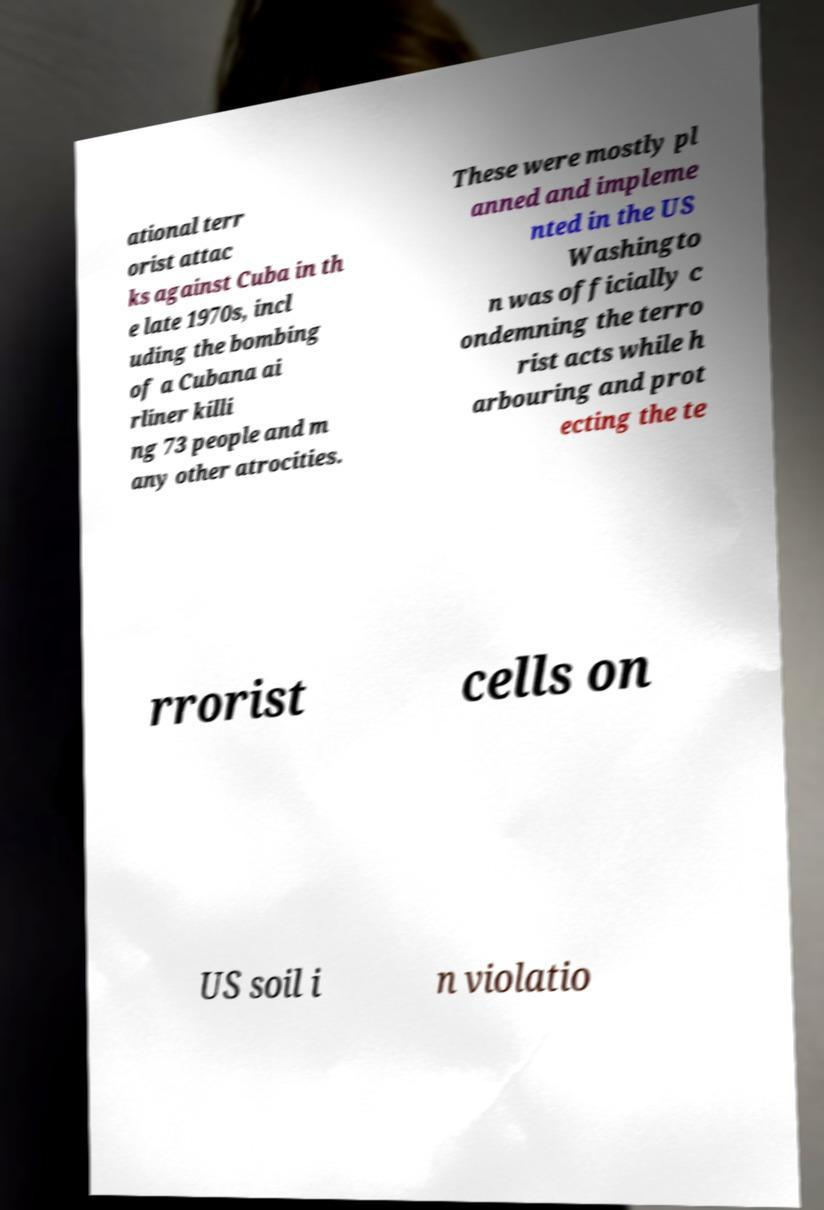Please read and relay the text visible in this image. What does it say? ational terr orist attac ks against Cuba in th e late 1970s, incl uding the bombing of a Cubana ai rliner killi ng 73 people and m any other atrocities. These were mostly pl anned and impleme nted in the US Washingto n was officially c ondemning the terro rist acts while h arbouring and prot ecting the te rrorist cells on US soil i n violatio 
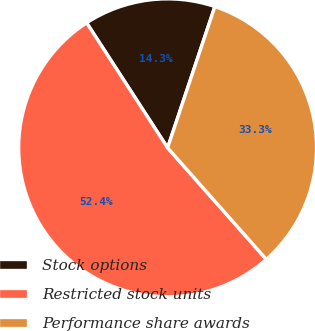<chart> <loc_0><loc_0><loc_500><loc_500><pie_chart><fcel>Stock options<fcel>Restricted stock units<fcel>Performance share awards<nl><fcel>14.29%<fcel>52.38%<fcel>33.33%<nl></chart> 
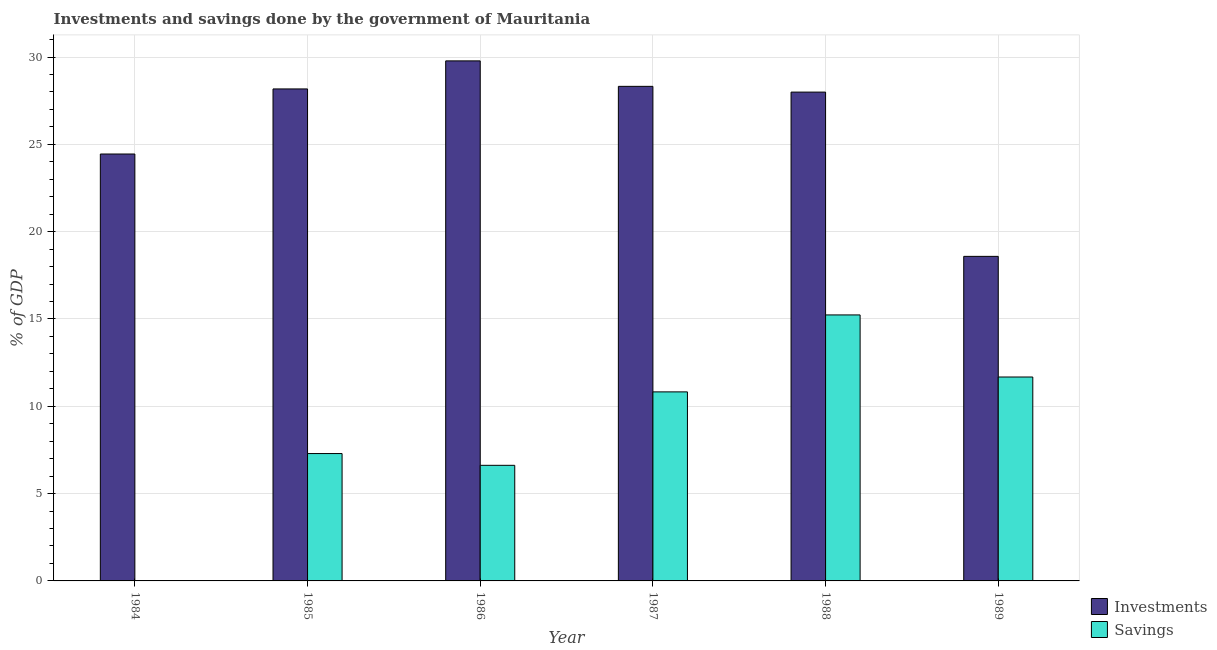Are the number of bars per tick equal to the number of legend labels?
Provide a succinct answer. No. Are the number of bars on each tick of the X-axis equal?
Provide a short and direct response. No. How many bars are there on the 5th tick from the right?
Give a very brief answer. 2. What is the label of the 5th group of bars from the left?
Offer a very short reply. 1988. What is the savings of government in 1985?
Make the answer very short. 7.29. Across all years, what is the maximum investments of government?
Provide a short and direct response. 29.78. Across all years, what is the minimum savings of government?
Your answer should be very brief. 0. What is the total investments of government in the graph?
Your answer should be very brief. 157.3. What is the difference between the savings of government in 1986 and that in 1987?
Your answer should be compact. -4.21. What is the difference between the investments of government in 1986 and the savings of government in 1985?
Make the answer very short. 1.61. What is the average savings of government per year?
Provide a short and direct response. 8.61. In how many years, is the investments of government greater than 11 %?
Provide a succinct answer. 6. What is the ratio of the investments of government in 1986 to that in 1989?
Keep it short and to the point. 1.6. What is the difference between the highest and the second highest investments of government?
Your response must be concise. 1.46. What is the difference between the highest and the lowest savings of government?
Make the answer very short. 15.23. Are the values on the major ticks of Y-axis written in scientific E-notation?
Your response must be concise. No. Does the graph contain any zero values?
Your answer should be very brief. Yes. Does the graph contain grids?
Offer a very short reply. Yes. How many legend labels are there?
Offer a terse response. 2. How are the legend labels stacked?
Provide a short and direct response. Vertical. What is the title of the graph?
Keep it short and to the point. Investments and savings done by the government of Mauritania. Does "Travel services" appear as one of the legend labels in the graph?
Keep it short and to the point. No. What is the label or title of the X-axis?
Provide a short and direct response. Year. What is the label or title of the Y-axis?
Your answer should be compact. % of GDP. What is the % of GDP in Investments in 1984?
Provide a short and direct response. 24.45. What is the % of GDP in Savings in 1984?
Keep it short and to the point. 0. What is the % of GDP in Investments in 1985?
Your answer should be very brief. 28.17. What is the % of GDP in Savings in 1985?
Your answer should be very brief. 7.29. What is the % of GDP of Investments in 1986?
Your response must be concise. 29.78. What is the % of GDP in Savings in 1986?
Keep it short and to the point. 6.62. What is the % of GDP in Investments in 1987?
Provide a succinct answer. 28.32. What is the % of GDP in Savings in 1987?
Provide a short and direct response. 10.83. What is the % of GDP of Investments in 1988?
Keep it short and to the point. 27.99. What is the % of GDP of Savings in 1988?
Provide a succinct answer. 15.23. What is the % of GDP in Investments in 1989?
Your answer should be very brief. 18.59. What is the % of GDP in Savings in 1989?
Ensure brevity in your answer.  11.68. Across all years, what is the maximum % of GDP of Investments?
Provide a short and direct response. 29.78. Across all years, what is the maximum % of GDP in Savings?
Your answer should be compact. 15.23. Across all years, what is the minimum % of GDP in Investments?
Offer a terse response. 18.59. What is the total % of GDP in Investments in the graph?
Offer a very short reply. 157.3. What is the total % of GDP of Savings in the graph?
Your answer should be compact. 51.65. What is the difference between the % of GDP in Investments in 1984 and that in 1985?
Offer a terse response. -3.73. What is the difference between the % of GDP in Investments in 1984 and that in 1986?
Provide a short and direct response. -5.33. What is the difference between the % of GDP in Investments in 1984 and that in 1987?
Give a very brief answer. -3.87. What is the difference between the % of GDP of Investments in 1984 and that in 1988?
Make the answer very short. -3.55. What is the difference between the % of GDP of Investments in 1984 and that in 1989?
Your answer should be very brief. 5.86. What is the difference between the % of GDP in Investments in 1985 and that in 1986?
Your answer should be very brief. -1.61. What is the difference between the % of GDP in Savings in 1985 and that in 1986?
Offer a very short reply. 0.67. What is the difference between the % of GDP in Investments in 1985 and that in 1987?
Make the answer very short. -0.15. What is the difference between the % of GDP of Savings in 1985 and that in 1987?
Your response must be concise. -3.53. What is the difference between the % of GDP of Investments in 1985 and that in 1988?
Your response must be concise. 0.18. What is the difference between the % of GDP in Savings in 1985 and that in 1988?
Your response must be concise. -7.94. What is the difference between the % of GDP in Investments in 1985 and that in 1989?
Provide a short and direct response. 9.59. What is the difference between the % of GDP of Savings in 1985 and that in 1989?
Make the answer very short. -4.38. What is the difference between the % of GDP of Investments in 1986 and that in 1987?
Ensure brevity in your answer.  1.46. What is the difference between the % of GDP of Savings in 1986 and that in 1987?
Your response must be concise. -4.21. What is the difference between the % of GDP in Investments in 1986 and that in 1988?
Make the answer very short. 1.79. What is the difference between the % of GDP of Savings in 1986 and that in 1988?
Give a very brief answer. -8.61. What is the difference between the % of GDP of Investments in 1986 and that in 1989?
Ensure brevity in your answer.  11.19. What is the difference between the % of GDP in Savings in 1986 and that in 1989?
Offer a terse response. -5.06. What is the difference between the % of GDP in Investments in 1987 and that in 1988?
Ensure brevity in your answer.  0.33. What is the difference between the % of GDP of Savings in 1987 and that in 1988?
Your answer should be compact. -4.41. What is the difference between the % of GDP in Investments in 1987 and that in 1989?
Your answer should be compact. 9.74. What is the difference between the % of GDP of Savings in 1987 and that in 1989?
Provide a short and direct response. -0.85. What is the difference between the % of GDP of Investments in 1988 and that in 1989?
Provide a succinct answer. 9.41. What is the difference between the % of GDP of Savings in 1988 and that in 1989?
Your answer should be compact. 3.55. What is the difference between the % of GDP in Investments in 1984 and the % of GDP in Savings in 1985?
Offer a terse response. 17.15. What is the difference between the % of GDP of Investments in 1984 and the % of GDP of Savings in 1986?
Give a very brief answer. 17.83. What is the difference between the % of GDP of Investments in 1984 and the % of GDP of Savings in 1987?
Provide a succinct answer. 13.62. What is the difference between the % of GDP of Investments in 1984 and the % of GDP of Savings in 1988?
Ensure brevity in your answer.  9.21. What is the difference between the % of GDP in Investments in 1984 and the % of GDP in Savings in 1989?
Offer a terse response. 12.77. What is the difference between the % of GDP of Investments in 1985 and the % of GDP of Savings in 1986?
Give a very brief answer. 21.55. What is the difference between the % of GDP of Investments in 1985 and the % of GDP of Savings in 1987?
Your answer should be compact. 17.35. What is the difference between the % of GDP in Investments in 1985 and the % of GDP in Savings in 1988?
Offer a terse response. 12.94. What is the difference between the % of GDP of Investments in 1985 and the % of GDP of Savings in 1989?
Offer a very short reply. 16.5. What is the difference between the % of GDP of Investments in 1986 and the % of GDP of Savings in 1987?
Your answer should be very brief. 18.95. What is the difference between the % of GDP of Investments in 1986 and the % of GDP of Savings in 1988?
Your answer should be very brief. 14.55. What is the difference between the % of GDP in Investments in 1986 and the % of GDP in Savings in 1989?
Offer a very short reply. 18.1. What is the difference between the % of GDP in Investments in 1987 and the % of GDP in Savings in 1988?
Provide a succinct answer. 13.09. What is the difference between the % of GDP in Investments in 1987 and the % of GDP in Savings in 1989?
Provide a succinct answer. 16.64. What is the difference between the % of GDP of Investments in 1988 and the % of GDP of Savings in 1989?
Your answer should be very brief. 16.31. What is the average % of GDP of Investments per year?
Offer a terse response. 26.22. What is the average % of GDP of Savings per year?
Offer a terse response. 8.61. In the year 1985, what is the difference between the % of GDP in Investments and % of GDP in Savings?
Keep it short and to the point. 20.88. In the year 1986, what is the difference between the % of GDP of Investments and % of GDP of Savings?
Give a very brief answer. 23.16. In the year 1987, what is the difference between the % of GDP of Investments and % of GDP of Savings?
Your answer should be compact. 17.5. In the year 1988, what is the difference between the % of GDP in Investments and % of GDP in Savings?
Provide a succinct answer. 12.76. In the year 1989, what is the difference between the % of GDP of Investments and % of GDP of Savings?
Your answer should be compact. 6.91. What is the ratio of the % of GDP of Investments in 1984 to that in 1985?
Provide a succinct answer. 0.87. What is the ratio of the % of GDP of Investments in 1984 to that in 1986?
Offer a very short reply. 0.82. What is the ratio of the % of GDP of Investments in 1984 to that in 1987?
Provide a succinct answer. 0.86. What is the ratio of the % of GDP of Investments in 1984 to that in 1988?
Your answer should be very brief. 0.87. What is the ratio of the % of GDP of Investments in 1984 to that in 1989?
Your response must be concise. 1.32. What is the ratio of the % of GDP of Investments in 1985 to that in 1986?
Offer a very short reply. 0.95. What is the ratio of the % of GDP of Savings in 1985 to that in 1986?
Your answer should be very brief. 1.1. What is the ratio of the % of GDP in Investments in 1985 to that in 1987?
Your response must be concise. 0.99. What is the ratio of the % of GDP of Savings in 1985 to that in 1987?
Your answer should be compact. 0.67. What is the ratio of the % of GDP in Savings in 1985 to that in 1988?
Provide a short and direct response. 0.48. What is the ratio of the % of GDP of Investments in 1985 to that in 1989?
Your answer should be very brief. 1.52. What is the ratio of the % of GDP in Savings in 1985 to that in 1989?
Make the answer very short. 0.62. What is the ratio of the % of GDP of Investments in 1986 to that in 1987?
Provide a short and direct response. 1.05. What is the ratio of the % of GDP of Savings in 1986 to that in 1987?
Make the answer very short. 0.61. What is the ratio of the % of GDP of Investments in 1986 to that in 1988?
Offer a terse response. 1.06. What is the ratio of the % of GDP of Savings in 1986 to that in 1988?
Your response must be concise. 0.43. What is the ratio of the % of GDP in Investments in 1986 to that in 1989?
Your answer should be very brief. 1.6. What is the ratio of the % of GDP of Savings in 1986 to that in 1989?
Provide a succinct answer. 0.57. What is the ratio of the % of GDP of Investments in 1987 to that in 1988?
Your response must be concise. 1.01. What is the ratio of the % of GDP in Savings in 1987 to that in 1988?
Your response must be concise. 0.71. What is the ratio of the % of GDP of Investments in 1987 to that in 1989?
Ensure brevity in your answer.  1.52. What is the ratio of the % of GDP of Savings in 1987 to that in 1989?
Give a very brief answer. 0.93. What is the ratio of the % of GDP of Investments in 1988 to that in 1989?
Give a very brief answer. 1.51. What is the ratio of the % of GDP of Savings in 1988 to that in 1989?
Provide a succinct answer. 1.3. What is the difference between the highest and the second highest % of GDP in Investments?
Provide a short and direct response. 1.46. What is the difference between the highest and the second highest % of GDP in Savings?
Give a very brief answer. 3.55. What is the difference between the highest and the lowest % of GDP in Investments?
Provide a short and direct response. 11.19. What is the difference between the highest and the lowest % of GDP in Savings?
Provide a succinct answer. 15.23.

__WORK TO BE COMPLETED__.
Look above for the line with "Offer a very short reply. 18.1." and the line with "Give a very brief answer. 23.16.". Retype those two lines and every line between them exactly, adding nothing.

__WRITTEN RESPONSE__.
Offer a very short reply. 18.1. What is the difference between the % of GDP in Investments in 1987 and the % of GDP in Savings in 1988?
Provide a succinct answer. 13.09. What is the difference between the % of GDP in Investments in 1987 and the % of GDP in Savings in 1989?
Provide a succinct answer. 16.64. What is the difference between the % of GDP of Investments in 1988 and the % of GDP of Savings in 1989?
Your answer should be very brief. 16.31. What is the average % of GDP of Investments per year?
Offer a terse response. 26.22. What is the average % of GDP of Savings per year?
Offer a terse response. 8.61. In the year 1985, what is the difference between the % of GDP in Investments and % of GDP in Savings?
Keep it short and to the point. 20.88. In the year 1986, what is the difference between the % of GDP of Investments and % of GDP of Savings?
Give a very brief answer. 23.16. In the year 1987, what is the difference between the % of GDP of Investments and % of GDP of Savings?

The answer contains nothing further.